Introduction: QRS detection is a fundamental step in many ECG processing applications. However, most common detection algorithms were designed for stable regular cardiac rhythms, and they have not been evaluated in cardiac arrest patients. Pulseless electrical activity (PEA) is an organized cardiac arrest rhythm, and can be analysed when chest compressions are paused. In addition, its QRS morphology is often distorted and difficult to evaluate, and the available ECG segments free of artefacts are short. The aim of this study was to develop an automatic algorithm to detect QRS complexes during PEA.

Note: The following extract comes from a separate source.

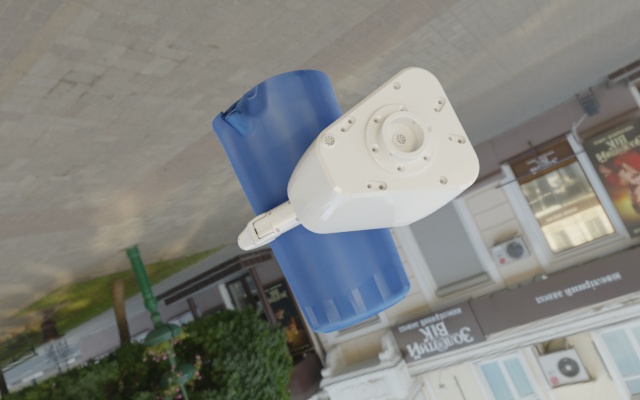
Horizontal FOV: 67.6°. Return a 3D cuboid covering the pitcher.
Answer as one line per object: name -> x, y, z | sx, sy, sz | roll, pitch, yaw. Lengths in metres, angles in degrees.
pitcher -> 0.000, 0.002, 0.496 | 0.149, 0.243, 0.145 | -21, -9, -18

Materials and methods: From 262 arrest patients we extracted 5128 noise free PEA segments, lasting 3-6 s and containing 19085 QRS complexes. Instants of QRS complexes were manually annotated by expert clinicians. Each ECG segment was decomposed using a 8-level stationary wavelet transform. A peak detector was applied in the third detail coefficients, in order to identify potential QRS complexes, and they were confirmed in the fourth and fifth detail coefficients. QRS complexes were deemed as correctly identified when they fell within 100 ms from clinical annotation. The performance was assessed in terms Sensitivity (Se), positive predictive value (PPV) and F1-score (F1).
Results: The proposed algorithm showed a mean (SD) Se of 92.4 (15.2), PPV of 88.5(15.4) and F1 of 88.8(15.6). Compared with state of the art algorithms, it outperforms all of them for more than 5 points of F1.
Conclusion: A reliable algorithm to detect QRS complexes was proposed for short duration PEA rhythm. The algorithm could be used to process ECG segments during cardiac arrest.